In the evolving landscape of decentralized finance (DeFi), the intricate mechanics behind transactions have garnered attention for their potential to revolutionize traditional investment models. Recent insights from Elisabeth Phizackerley and Ilan Solot of Marex Solutions shed light on the interplay of three key protocols—Ethena, Pendle, and Aave—that together create a robust framework for generating investment yields through blockchain technology.
DeFi has seen an explosion of innovative solutions since its inception over six years ago. Ethena, Pendle, and Aave stand out for their operational synergy, allowing them to collectively manage over $4 billion in assets. Each protocol serves a unique function in this interconnected ecosystem. Ethena, akin to a money market fund, issues a synthetic dollar called USDe, backed by a mixture of stablecoins and cryptocurrencies. By employing delta-neutral strategies on futures contracts, Ethena generates approximately 9% yield for those staking USDe.
Pendle complements this by splitting the yield generated from USDe into two distinct financial instruments: Principal Tokens (PTs) and Yield Tokens (YTs). The YTs reflect the variable yield stream from the underlying asset, while the PTs represent the asset’s principal, typically sold at a discount, functioning similarly to a discounted T-bill.
Aave completes the cycle by enabling investors to borrow against their PT deposits. The predictable redemption structure of PTs makes them suitable as collateral, allowing depositors to borrow stablecoins such as USDC, which are often recycled back into Ethena to mint more USDe, thereby perpetuating the loop.

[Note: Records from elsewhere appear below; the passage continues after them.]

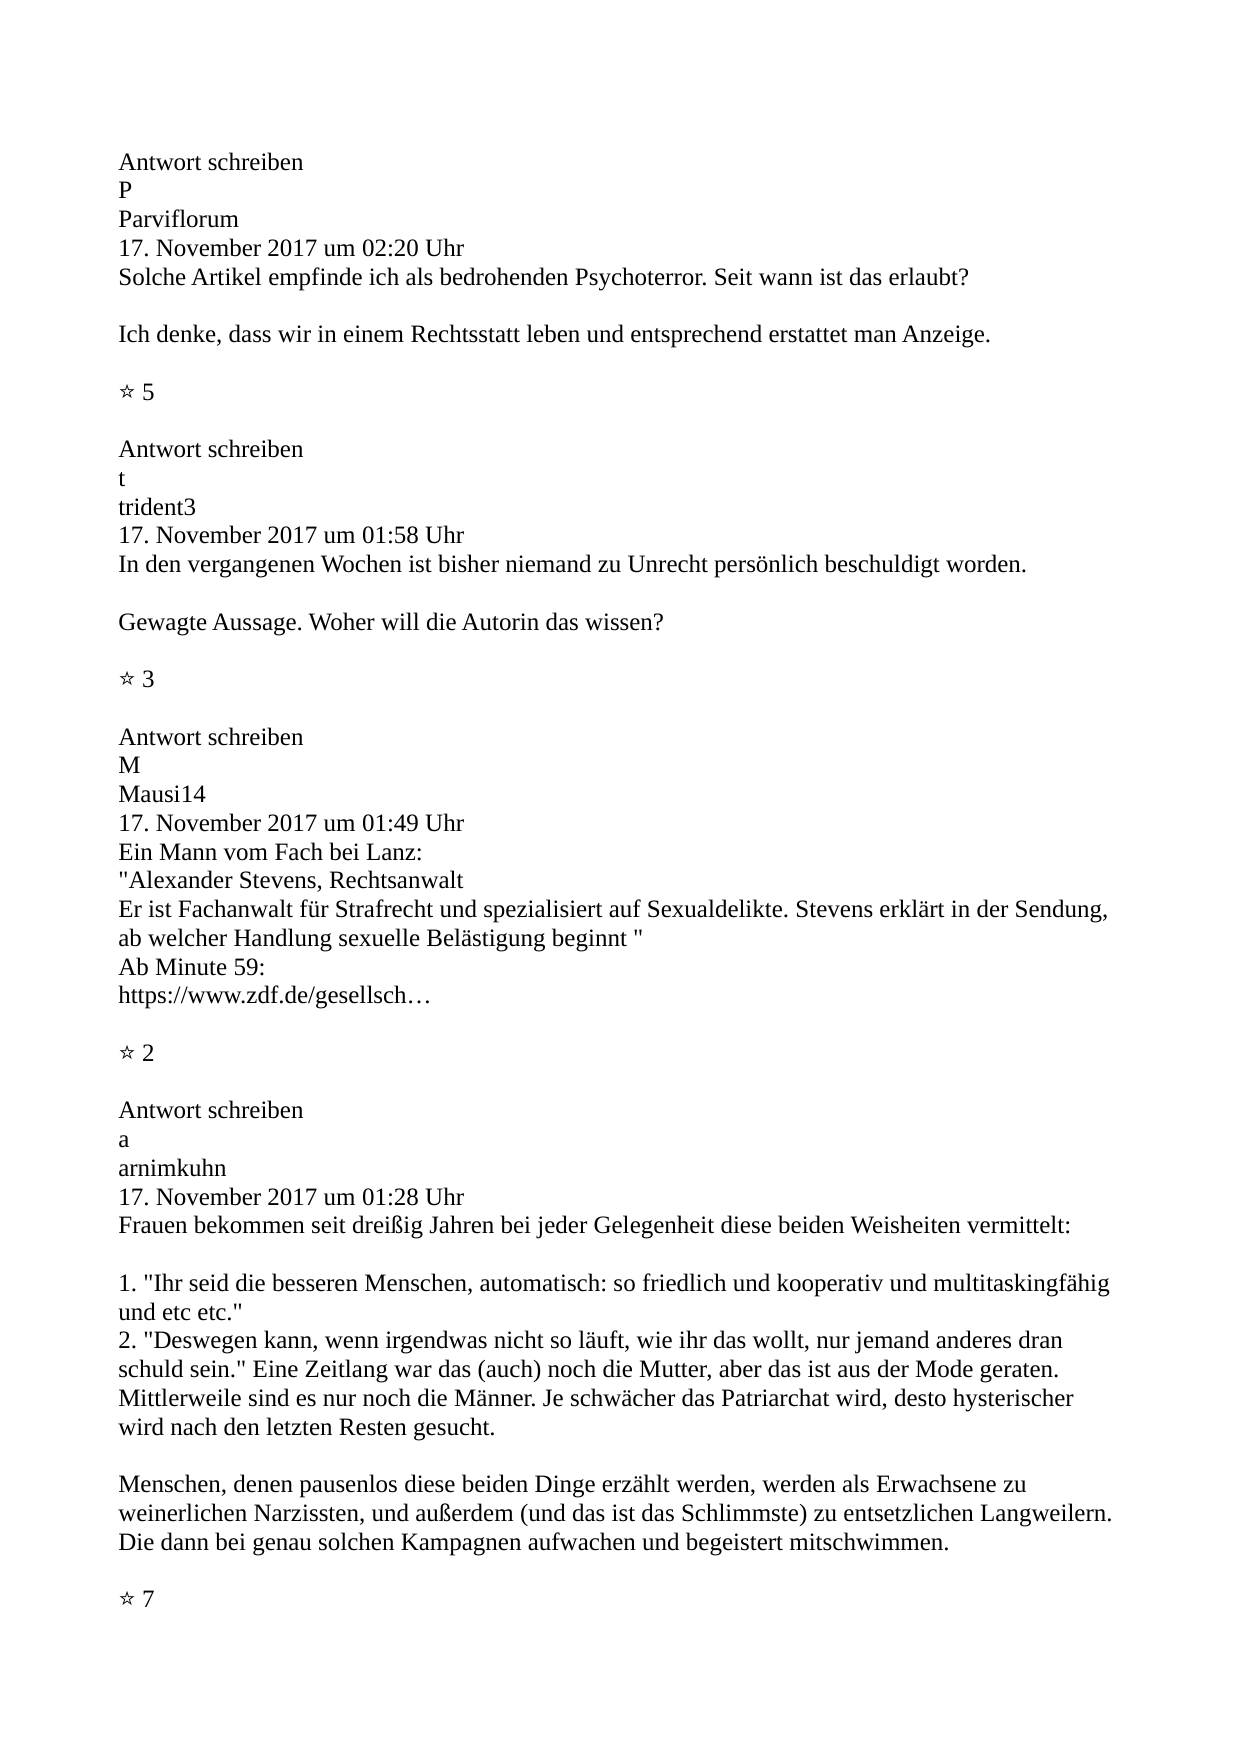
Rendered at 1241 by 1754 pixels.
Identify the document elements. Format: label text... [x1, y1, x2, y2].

text Frauen bekommen seit dreißig Jahren bei jeder Gelegenheit diese beiden Weisheiten vermittelt: [118, 1211, 1122, 1239]
text ⭐️ 5 [118, 377, 1122, 406]
text 1. "Ihr seid die besseren Menschen, automatisch: so friedlich und kooperativ und multitaskingfähig und etc etc." [118, 1268, 1122, 1326]
text 17. November 2017 um 01:58 Uhr [118, 521, 1122, 549]
text "Alexander Stevens, Rechtsanwalt [118, 866, 1122, 894]
text a [118, 1124, 1122, 1153]
text Antwort schreiben [118, 147, 1122, 176]
text 17. November 2017 um 01:28 Uhr [118, 1182, 1122, 1211]
text t [118, 463, 1122, 492]
text Antwort schreiben [118, 722, 1122, 751]
text ⭐️ 7 [118, 1584, 1122, 1613]
text Antwort schreiben [118, 1096, 1122, 1124]
text arnimkuhn [118, 1153, 1122, 1182]
text https://www.zdf.de/gesellsch… [118, 981, 1122, 1009]
text Gewagte Aussage. Woher will die Autorin das wissen? [118, 607, 1122, 636]
text P [118, 176, 1122, 204]
text Menschen, denen pausenlos diese beiden Dinge erzählt werden, werden als Erwachsene zu weinerlichen Narzissten, und außerdem (und das ist das Schlimmste) zu entsetzlichen Langweilern. Die dann bei genau solchen Kampagnen aufwachen und begeistert mitschwimmen. [118, 1469, 1122, 1556]
text ⭐️ 2 [118, 1038, 1122, 1067]
text Ein Mann vom Fach bei Lanz: [118, 837, 1122, 866]
text ⭐️ 3 [118, 664, 1122, 693]
text Mausi14 [118, 779, 1122, 808]
text Ab Minute 59: [118, 952, 1122, 981]
text In den vergangenen Wochen ist bisher niemand zu Unrecht persönlich beschuldigt worden. [118, 549, 1122, 578]
text trident3 [118, 492, 1122, 521]
text Parviflorum [118, 204, 1122, 233]
text Er ist Fachanwalt für Strafrecht und spezialisiert auf Sexualdelikte. Stevens erklärt in der Sendung, ab welcher Handlung sexuelle Belästigung beginnt " [118, 894, 1122, 952]
text Solche Artikel empfinde ich als bedrohenden Psychoterror. Seit wann ist das erlaubt? [118, 262, 1122, 291]
text Antwort schreiben [118, 434, 1122, 463]
text M [118, 751, 1122, 779]
text 2. "Deswegen kann, wenn irgendwas nicht so läuft, wie ihr das wollt, nur jemand anderes dran schuld sein." Eine Zeitlang war das (auch) noch die Mutter, aber das ist aus der Mode geraten. Mittlerweile sind es nur noch die Männer. Je schwächer das Patriarchat wird, desto hysterischer wird nach den letzten Resten gesucht. [118, 1326, 1122, 1441]
text 17. November 2017 um 01:49 Uhr [118, 808, 1122, 837]
text 17. November 2017 um 02:20 Uhr [118, 233, 1122, 262]
text Ich denke, dass wir in einem Rechtsstatt leben und entsprechend erstattet man Anzeige. [118, 319, 1122, 348]

This collaborative structure not only accounts for a significant proportion of Ethena’s deposits on Aave but also underpins much of Pendle’s total value locked (TVL). The protocols have created a self-sustaining yield generator that has become a cornerstone of on-chain investment strategies.
The integration of these protocols has been facilitated by their shared technological foundation; all three are Ethereum Virtual Machine (EVM)-compatible. This compatibility simplifies the interaction between protocols, which are designed to function fully on-chain without reliance on traditional banking systems. Furthermore, they operate within the same DeFi ecosystem, benefiting from overlapping user bases and liquidity pools that drive adoption.
Looking ahead, the potential for expansion of this model is promising. Hyperliquid, another emerging protocol, may soon integrate into this ecosystem. Ethena already utilizes Hyperliquid’s perpetual futures to bolster its yield strategies, and collaborations are in the works that could see Pendle and Aave deepening their interactions with Hyperliquid’s offerings. As Hyperliquid develops, it could broaden the liquidity flow beyond just the three partnering protocols, reshaping the dynamics of on-chain yield strategies.
The significance of these mechanisms becomes clearer within the context of “composability”—a fundamental principle in DeFi where different protocols seamlessly integrate, much like building blocks. This composability allows Ethena to generate yield, Pendle to package that yield, and Aave to facilitate loans against it, all within an on-chain framework. While this rapid growth presents opportunities, it also raises concerns about the potential for risks to proliferate quickly.
For those interested in deepening their understanding of these innovative investment techniques, DJ Windle’s “Ask an Expert” segment addresses queries related to these DeFi mechanisms. Key terms such as Principal Tokens, Yield Tokens, and delta-neutral strategies are defined to help demystify the complexities of the system.
As the DeFi space continues to mature, there are other developments on the horizon; with 92 cryptocurrency-related ETF applications currently awaiting approval by the U.S. Securities and Exchange Commission and Google Cloud working on a new Layer-1 blockchain for financial institutions, the future of integrated digital finance looks promising. Additionally, the vision of a unified “SuperApp Exchange” proposed by SEC Chair Paul Atkins aims to create a singular platform for trading a diverse range of tokenized assets, further highlighting the transformative potential of these innovations in the financial sector.